Testing performance comparison:

Backbone Easy Medium Hard
resnet50 95.48% 94.04% 84.43%
$MobileNet v3^{Se=1}$ 93.48% 91.23% 80.19%
$GhostNet-m^{Se=0.25}$ 93.35% 90.84% 76.11%
MobileNet0.25 90.70% 88.16% 73.82%

Comparison of the effect of single chart test:

stream

Chinese detailed blog:https://zhuanlan.zhihu.com/p/379730820

References

Owner
pogg
Hello, I'm pogg.

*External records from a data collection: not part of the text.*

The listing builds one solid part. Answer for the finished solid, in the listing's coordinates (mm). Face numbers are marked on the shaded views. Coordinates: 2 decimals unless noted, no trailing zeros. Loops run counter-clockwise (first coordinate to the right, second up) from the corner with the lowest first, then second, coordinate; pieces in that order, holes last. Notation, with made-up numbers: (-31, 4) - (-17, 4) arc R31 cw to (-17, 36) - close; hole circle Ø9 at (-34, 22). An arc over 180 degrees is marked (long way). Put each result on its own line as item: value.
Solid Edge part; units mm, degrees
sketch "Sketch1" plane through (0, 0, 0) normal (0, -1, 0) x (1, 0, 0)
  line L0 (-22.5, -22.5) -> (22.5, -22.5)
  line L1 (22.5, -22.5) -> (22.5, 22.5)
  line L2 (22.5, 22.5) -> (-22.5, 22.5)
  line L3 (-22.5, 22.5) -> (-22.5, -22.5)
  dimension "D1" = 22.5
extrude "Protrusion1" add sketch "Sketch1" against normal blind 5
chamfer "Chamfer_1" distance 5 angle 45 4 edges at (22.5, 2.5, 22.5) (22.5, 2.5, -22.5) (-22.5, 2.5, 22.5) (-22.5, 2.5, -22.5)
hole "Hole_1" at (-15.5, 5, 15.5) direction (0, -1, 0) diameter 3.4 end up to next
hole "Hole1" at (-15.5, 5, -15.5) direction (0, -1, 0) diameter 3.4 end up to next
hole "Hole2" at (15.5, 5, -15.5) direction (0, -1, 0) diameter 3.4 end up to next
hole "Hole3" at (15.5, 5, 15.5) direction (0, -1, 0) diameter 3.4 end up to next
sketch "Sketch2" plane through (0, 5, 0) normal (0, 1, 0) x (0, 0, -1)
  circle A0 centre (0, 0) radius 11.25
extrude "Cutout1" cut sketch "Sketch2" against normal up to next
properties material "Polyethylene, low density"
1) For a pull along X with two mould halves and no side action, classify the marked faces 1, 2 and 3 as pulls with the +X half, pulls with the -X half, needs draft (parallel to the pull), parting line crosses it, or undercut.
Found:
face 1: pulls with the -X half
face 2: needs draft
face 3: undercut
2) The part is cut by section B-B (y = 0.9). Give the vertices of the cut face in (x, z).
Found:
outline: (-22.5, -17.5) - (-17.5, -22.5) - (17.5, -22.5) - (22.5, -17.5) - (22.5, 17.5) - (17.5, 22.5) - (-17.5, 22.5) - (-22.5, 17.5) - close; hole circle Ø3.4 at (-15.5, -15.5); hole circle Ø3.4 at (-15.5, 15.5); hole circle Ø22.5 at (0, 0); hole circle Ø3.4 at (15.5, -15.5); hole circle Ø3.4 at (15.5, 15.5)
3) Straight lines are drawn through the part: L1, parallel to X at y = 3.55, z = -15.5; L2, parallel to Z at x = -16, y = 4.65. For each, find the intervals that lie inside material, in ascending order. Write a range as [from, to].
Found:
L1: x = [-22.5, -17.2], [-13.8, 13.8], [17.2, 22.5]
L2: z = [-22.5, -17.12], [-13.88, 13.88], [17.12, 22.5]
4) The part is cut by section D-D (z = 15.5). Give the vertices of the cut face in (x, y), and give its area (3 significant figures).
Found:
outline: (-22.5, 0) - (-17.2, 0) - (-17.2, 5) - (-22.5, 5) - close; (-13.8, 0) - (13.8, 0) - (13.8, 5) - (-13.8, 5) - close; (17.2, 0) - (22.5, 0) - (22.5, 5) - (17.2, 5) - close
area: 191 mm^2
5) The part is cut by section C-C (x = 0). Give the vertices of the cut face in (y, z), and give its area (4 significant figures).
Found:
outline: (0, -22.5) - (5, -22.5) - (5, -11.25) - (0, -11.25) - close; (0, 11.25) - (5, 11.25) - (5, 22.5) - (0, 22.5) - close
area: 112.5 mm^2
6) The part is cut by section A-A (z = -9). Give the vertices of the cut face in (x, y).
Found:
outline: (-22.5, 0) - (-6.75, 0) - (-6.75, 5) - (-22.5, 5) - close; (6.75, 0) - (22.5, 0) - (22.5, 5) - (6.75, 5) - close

I will record some interesting experiment here.
pogg
Reviving Iterative Training with Mask Guidance for Interactive Segmentation

This repository provides the source code for training and testing state-of-the-art click-based interactive segmentation models with the official PyTorch implementation

Visual Understanding Lab @ Samsung AI Center Moscow 406 Jan 01, 2023
[NeurIPS 2021] A weak-shot object detection approach by transferring semantic similarity and mask prior.

[NeurIPS 2021] A weak-shot object detection approach by transferring semantic similarity and mask prior.

BCMI 49 Jul 27, 2022
Several simple examples for popular neural network toolkits calling custom CUDA operators.

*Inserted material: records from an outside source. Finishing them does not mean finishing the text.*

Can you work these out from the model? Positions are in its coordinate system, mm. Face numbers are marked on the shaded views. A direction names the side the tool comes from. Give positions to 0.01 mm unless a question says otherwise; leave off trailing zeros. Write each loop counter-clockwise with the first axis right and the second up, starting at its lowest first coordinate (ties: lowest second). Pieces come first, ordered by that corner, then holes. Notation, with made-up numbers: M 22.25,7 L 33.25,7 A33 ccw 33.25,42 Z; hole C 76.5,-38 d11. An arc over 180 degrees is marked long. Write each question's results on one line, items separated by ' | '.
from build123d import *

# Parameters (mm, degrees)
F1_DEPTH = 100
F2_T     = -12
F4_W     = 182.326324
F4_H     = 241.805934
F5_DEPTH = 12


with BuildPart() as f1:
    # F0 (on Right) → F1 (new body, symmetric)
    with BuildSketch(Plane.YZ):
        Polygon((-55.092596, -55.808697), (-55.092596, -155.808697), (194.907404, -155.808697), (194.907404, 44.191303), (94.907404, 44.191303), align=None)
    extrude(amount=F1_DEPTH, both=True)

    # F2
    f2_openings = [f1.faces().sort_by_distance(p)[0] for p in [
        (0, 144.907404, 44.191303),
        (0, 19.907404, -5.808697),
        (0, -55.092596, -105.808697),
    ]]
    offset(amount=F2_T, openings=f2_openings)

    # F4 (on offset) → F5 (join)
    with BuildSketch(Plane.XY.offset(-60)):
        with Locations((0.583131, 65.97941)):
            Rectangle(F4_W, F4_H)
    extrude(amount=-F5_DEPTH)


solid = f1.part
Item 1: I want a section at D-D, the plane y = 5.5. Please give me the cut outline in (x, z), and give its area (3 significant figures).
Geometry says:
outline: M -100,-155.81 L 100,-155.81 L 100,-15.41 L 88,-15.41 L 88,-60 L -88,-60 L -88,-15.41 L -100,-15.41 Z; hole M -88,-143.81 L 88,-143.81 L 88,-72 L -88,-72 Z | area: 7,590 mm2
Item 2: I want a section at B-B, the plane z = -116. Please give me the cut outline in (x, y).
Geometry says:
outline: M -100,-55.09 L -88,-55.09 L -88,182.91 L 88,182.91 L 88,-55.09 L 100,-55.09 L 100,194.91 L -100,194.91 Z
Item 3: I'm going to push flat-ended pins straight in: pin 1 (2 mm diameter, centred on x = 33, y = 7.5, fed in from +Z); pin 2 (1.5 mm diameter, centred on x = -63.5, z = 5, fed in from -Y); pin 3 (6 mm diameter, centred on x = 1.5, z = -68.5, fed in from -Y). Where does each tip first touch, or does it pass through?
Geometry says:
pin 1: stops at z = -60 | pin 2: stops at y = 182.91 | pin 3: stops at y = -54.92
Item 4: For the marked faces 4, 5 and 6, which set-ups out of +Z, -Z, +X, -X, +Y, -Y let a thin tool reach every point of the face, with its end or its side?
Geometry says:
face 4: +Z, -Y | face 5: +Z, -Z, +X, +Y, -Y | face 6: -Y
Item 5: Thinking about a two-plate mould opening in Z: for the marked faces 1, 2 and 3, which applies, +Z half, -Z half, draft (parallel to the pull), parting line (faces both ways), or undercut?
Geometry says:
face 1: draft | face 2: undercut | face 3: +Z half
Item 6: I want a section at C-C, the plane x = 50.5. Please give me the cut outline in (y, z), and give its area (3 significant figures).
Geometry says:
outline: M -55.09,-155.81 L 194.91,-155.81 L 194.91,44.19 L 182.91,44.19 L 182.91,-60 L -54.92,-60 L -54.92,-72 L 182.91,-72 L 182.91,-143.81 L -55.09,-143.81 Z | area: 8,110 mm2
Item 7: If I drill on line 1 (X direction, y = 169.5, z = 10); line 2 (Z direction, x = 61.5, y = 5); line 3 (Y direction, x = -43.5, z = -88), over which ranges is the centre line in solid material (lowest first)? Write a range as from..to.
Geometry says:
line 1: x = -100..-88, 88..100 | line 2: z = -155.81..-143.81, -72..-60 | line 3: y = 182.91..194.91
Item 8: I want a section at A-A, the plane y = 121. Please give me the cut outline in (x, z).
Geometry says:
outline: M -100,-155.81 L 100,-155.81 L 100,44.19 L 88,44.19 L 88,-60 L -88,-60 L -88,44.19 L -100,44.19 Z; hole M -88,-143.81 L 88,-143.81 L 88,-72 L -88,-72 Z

Neural Network CUDA Example Several simple examples for neural network toolkits (PyTorch, TensorFlow, etc.) calling custom CUDA operators. We provide

WeiYang 798 Jan 01, 2023
git《FSCE: Few-Shot Object Detection via Contrastive Proposal Encoding》(CVPR 2021) GitHub: [fig8]

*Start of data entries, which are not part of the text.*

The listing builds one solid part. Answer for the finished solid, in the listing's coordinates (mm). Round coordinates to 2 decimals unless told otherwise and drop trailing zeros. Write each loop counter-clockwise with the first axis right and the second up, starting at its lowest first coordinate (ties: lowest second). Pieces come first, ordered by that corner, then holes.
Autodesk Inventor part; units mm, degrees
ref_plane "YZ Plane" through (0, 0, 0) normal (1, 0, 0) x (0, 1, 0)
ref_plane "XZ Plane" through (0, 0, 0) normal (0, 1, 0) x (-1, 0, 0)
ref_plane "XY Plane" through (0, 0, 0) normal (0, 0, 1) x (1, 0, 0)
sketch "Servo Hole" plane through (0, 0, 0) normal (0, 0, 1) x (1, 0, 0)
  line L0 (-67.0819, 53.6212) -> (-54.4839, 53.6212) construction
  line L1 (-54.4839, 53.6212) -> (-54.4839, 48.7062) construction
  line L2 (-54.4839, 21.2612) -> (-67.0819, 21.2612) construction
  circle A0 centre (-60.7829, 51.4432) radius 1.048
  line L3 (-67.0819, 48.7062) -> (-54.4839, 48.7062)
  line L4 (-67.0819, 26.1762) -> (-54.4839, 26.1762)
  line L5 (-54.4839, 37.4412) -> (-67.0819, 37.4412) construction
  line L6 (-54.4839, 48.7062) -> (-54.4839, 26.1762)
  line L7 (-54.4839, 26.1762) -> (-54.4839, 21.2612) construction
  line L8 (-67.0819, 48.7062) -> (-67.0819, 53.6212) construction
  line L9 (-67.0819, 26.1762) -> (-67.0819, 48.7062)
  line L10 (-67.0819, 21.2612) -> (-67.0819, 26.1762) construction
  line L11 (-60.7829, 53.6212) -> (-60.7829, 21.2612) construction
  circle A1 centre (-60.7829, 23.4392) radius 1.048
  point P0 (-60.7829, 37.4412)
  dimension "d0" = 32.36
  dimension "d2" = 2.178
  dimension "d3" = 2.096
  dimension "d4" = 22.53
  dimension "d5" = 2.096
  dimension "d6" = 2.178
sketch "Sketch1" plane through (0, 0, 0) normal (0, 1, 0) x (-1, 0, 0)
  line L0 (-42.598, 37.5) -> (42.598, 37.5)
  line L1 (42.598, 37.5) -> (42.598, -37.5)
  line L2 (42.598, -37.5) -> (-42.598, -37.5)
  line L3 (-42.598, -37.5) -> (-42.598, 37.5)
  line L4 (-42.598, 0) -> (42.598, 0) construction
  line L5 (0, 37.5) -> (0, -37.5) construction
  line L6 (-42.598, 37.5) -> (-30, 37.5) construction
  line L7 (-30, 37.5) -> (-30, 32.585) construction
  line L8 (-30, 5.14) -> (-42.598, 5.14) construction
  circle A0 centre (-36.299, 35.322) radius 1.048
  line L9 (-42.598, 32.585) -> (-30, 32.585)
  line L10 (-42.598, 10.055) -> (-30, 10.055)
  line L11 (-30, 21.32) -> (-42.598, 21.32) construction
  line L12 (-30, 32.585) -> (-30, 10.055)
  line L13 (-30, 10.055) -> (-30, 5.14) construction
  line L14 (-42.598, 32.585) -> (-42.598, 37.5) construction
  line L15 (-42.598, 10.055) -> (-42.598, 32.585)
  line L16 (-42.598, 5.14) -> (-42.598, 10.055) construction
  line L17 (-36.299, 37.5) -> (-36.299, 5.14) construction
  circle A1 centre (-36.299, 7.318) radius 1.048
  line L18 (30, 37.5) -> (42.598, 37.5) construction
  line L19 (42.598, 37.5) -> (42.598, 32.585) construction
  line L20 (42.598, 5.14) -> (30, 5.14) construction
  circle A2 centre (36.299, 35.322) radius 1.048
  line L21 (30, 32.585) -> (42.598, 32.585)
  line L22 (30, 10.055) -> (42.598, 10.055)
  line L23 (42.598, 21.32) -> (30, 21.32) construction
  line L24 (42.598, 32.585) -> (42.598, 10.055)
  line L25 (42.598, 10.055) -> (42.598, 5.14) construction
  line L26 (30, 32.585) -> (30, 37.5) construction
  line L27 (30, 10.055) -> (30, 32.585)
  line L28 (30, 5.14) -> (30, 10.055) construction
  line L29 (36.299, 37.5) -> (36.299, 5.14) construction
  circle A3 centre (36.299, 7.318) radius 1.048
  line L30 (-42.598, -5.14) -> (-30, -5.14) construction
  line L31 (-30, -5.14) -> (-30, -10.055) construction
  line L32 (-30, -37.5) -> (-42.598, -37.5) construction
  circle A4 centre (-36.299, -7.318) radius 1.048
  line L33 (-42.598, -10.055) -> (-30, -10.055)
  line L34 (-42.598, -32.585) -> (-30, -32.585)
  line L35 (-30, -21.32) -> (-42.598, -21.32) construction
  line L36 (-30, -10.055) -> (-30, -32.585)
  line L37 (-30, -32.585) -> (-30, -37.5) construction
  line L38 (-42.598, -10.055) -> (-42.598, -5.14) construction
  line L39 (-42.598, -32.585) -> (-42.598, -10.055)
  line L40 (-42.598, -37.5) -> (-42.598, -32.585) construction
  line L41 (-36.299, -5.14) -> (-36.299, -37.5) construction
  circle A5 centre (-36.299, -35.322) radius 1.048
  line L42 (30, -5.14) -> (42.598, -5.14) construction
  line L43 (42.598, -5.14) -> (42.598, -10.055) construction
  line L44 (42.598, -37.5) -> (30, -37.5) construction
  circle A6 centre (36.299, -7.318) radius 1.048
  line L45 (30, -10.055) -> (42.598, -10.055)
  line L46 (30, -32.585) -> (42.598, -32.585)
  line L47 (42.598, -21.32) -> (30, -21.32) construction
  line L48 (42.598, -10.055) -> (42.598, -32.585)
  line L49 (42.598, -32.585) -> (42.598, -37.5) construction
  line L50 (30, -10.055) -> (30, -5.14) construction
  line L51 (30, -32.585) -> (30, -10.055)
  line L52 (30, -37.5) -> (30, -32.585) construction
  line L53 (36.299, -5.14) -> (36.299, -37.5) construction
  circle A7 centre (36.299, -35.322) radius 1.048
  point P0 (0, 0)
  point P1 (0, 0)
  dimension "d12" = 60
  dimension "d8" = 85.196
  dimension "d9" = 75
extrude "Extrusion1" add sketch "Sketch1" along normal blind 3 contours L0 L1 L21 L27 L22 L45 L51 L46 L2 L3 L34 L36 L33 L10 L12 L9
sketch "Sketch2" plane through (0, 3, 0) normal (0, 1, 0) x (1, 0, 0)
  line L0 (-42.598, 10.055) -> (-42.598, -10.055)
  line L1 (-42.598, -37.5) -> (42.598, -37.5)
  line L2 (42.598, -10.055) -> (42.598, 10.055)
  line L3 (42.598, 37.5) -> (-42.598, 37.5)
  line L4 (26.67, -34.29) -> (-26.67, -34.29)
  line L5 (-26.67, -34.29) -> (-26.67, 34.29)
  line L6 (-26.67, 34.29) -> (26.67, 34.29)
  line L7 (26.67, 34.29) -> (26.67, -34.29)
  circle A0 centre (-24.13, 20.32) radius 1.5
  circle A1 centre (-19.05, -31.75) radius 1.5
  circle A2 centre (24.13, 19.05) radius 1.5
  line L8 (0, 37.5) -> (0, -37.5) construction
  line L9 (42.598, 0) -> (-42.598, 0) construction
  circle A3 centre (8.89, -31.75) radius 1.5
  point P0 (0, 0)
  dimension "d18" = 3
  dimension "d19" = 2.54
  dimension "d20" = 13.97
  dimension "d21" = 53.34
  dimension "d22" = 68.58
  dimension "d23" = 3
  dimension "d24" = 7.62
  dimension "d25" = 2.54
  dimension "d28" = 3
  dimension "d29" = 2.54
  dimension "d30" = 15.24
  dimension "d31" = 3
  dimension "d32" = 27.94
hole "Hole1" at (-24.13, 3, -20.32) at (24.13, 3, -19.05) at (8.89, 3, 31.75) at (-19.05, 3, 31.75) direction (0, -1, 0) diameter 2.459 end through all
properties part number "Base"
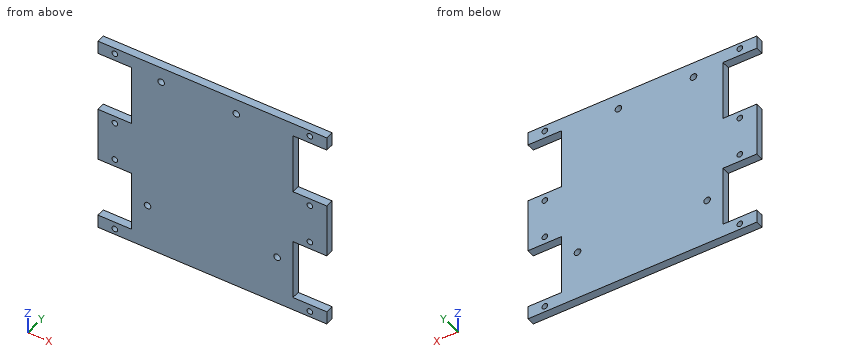
1. Section C-C on y = 0.65 is taken. Give the number of separate pieces and of enclosed holes in the cut face, plus the area to 3 significant figures.
Geometry says:
separate pieces: 1
enclosed holes: 12
area: 5,210 mm2
2. Given pin 1 (1.5 mm diameter, centred on y = 1, z = 25.5, fed in from -X), flat-ended and moving along its own axis, determine where the tip first touches the part or whether it passes through.
Geometry says:
pin 1: stops at x = -30
3. Section D-D on z = -12.5 is taken. Determine the outline of the cut face in (x, y), plus the area to 3 significant figures.
Geometry says:
outline: (-30, 0) - (30, 0) - (30, 3) - (-30, 3) - close
area: 180 mm2
4. Straight lines are drawn through the part: line 1 along X through (y, z) = (0.5, 7.5); line 2 along Z through (x, y) = (-38, 2.75) (3 decimals); line 3 along X through (y, z) = (1.65, -20.32). For each, find the intervals that lie inside material, in ascending order.
Geometry says:
line 1: x = -42.6 to -37.33, -35.27 to 35.27, 37.33 to 42.6
line 2: z = -37.5 to -32.585, -10.055 to 10.055, 32.585 to 37.5
line 3: x = -30 to -25.36, -22.9 to 30
5. Section A-A on x = -24.13 is taken. Determine the outline of the cut face in (y, z), plus the area to 3 significant figures.
Geometry says:
outline: (0, -37.5) - (3, -37.5) - (3, -21.55) - (0, -21.55) - close; (0, -19.09) - (3, -19.09) - (3, 37.5) - (0, 37.5) - close
area: 218 mm2
6. Section B-B on x = 31.5 is taken. Determine the outline of the cut face in (y, z) (3 decimals).
Geometry says:
outline: (0, -37.5) - (3, -37.5) - (3, -32.585) - (0, -32.585) - close; (0, -10.055) - (3, -10.055) - (3, 10.055) - (0, 10.055) - close; (0, 32.585) - (3, 32.585) - (3, 37.5) - (0, 37.5) - close

FSCE: Few-Shot Object Detection via Contrastive Proposal Encoding (CVPR 2021) This repo contains the implementation of our state-of-the-art fewshot ob

233 Dec 29, 2022
[AI6122] Text Data Management & Processing

[AI6122] Text Data Management & Processing is an elective course of MSAI, SCSE, NTU, Singapore. The repository corresponds to the AI6122 of Semester 1, AY2021-2022, starting from 08/2021. The instruc

HT. Li 1 Jan 17, 2022
Deep Learning Slide Captcha

滑动验证码深度学习识别 本项目使用深度学习 YOLOV3 模型来识别滑动验证码缺口,基于 https://github.com/eriklindernoren/PyTorch-YOLOv3 修改。 只需要几百张缺口标注图片即可训练出精度高的识别模型,识别效果样例: 克隆项目 运行命令: git cl

Python3WebSpider 55 Jan 02, 2023
Pytorch library for seismic data augmentation

Pytorch library for seismic data augmentation

Artemii Novoselov 27 Nov 22, 2022
Source codes for the paper "Local Additivity Based Data Augmentation for Semi-supervised NER"

LADA This repo contains codes for the following paper: Jiaao Chen*, Zhenghui Wang*, Ran Tian, Zichao Yang, Diyi Yang: Local Additivity Based Data Augm

GT-SALT 36 Dec 02, 2022
Improving Query Representations for DenseRetrieval with Pseudo Relevance Feedback:A Reproducibility Study.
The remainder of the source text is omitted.